Forza Motorsport revolutionizes its use of machine learning to craft … – Gamesradar

The Forza series has always wowed with its stunning visuals and commitment to realism in virtual racing. From the very first game's Mount Panorama Circuit to the third's Rally di Positano, and the fifth's Castillo Del Mar there's a certain, simple charm about hammering expensive, expertly-mirrored real-world cars around gorgeous settings; each one crafted with meticulous care. Forza Motorsport, Turn 10 Studio's latest entry to the enduring racing series, follows suit on all of these points.

But it's not just how Forza Motorsport looks and plays that's setting it up for the next evolution of the racing simulation genre, it's the process it's going through to get there.

"Part of what I love about working at Turn 10, and Xbox in general, is that we tackle weird problems that aren't always looked at in gaming," explains Forza general manager Dan Greenawalt. What the Forza mastermind is chiefly referring to here is Motorsport's new approach to machine learning, and during our hands-off demonstration at the Xbox Games Showcase, it feels like this will change the face of the racer entirely.

Greenawalt explains that the Forza series has long used machine learning to power its AI-controlled characters that player races against. In the pre-Xbox One days, this process was owed to a Bayesian machine learning system that operated on the console's local hard drive; but after this was moved onto the cloud. There, Greenawalt and his team used the network to train the Drivatar.

"Now, with the latest Forza, we've taken machine learning and applied it to build time and not run time or load time; so not while it's running or loading, but actually we're able to do it before the game launches. Instead of having machine learning power the moment-to-moment decisions of the Drivatar, we're having it train the Drivatar to control the car, and then we're using an optimizer to make the lines that Drivatar follows."
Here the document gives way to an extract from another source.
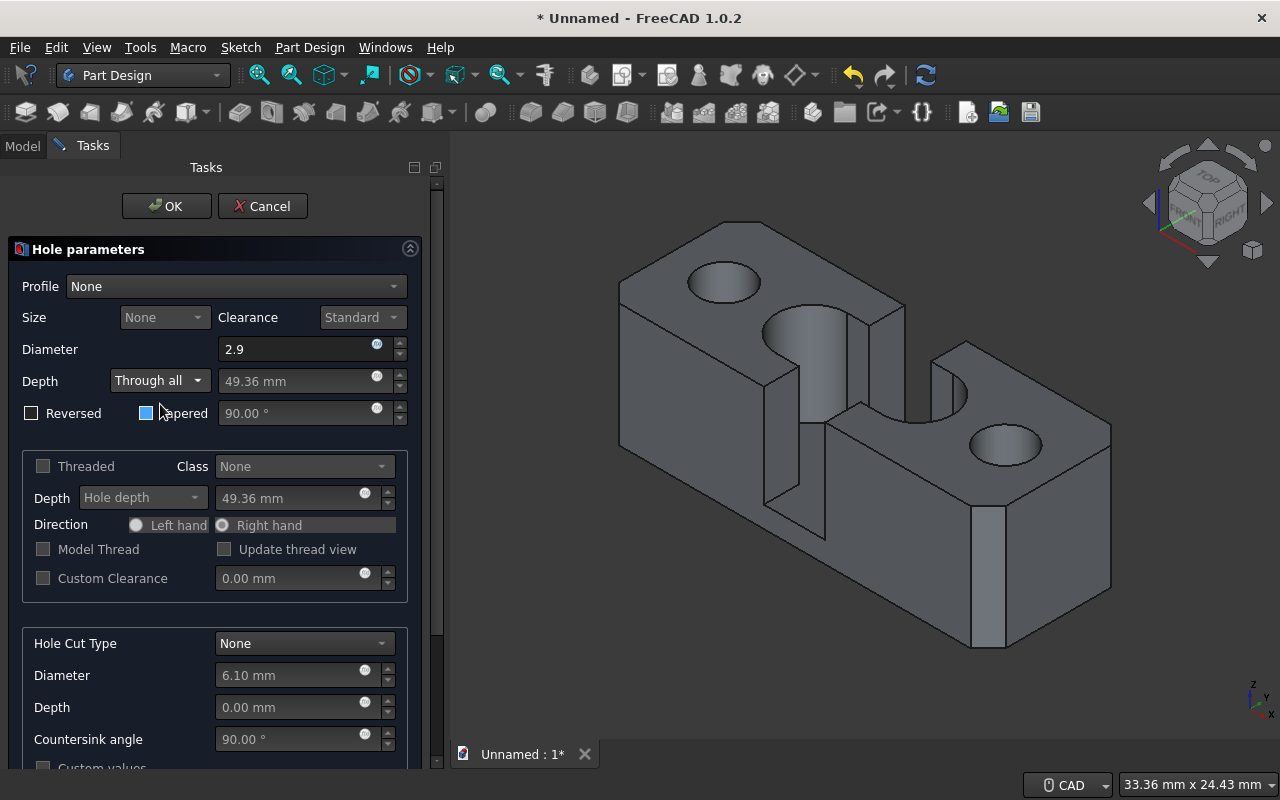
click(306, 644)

"What that's allowed us to do is train massive amounts of data so that we can take every car, with every upgrade, and all the tuning options through the wet, through the dry and train that controller so that the AI can make the car do everything it wants it to do. Ultimately, it was about applying the machine learning we were familiar with to a different place."

With that, Greenawalt says applying the machine learning to a different part of Drivatar has led he and his team to the fastest AI with no cheats or hacks, and to a position where they're maximizing their use of the technology in a non-arbitrary way.
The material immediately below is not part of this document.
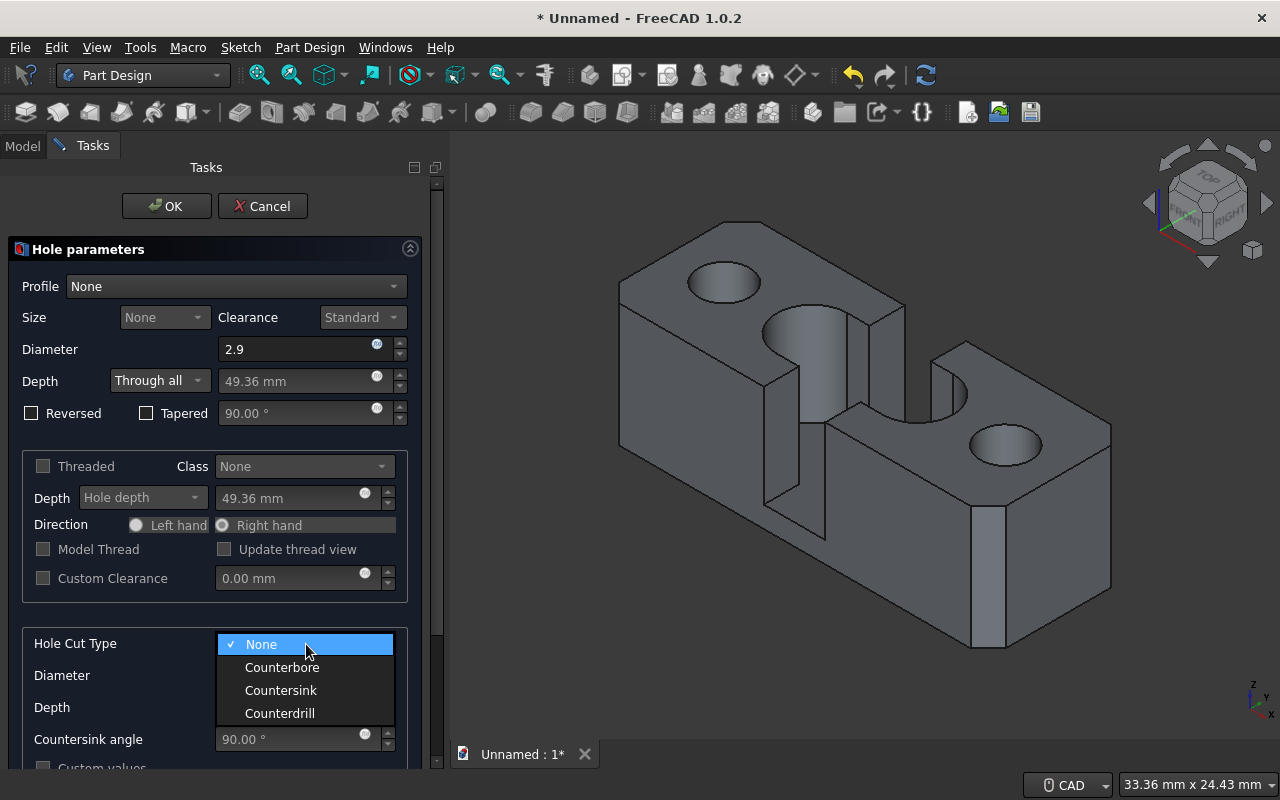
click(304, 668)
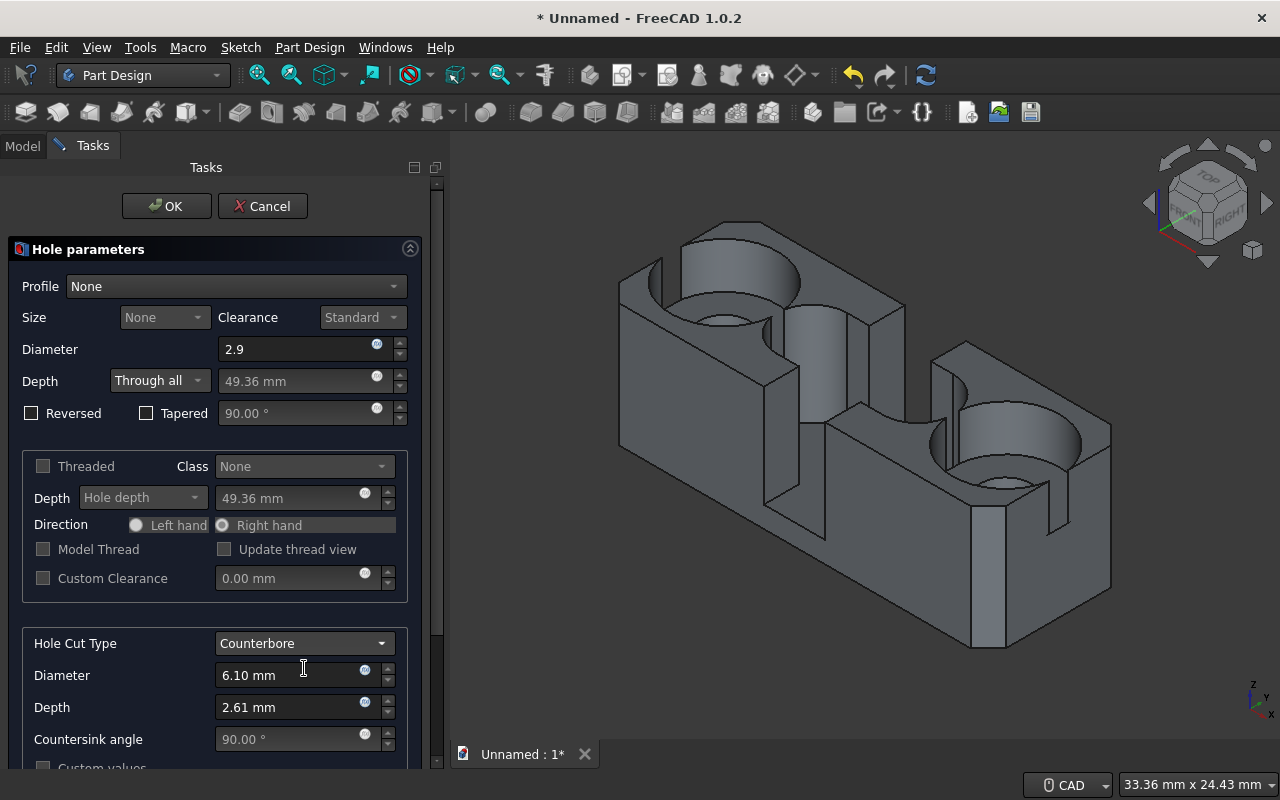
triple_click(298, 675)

Another area in which Forza has excelled throughout its 18-year existence is accessibility, and Motorsport also aims to be the most approachable so far.

Like machine learning, Forza has offered sophisticated assist options throughout its lineage, says Motorsport's creative director, Chris Esaki. Nodding to his colleague standing across the room, Esaki says: "Forza has always had amazing assist, even in the original games. Dan brought the amazing driving line into the world, and he did to simulation racing what Halo has done for shooters, in that he's made it so much more accessible and approachable on control pads."
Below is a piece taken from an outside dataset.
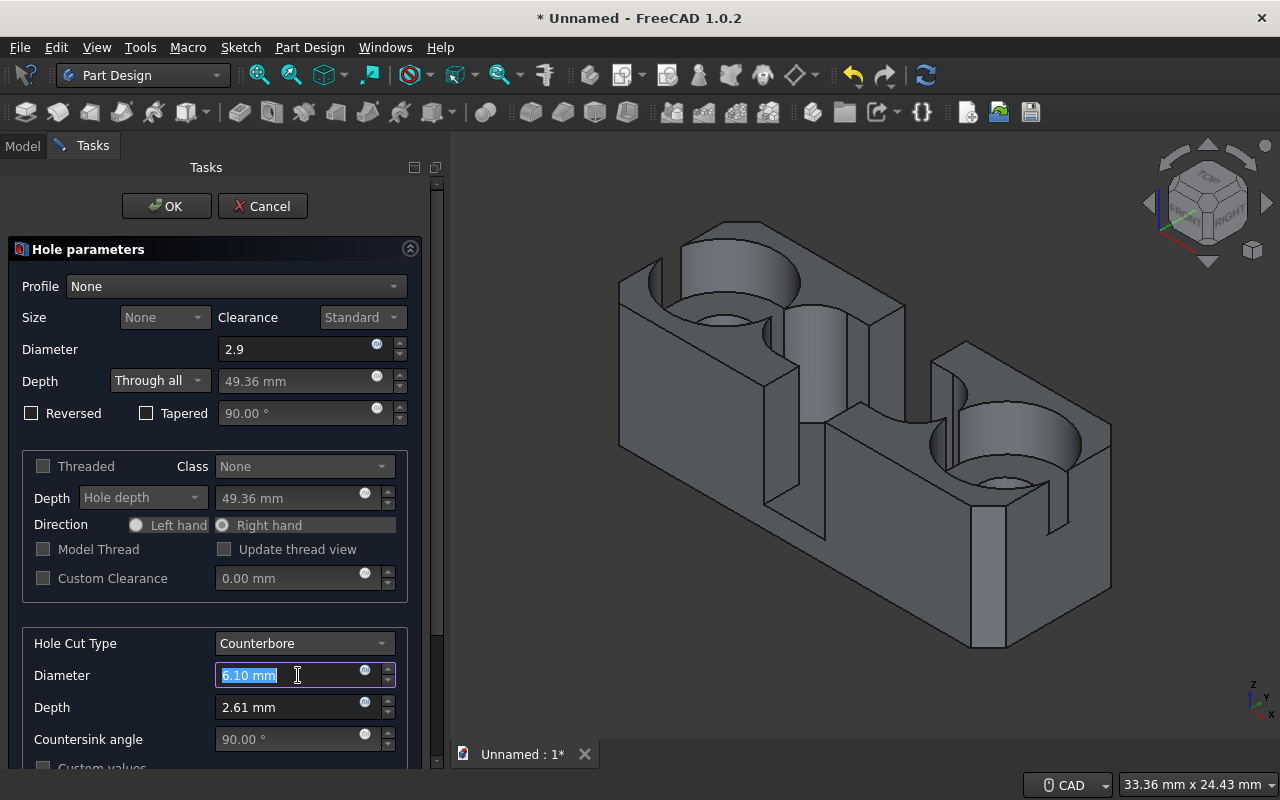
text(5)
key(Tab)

"Over the years, we've added throttle assist, breaking assist, and turning assist, and you can turn all of those on and off at your will. And we have new additional levels of fidelity around all of those things. We even have one-button driving now, so if you want, you can play the entire game with a single input. If you only want to steer, you can. If you only want to brake, you can too. If you only want to accelerate, that's fine."

Esaki explains that in Forza Motorsport, the above has been evolved further still with the addition of audio assists that help streamline the process more than ever before. In practice, these might tell you when to turn when approaching a corner, or alert you to how near or far away you are to the apex.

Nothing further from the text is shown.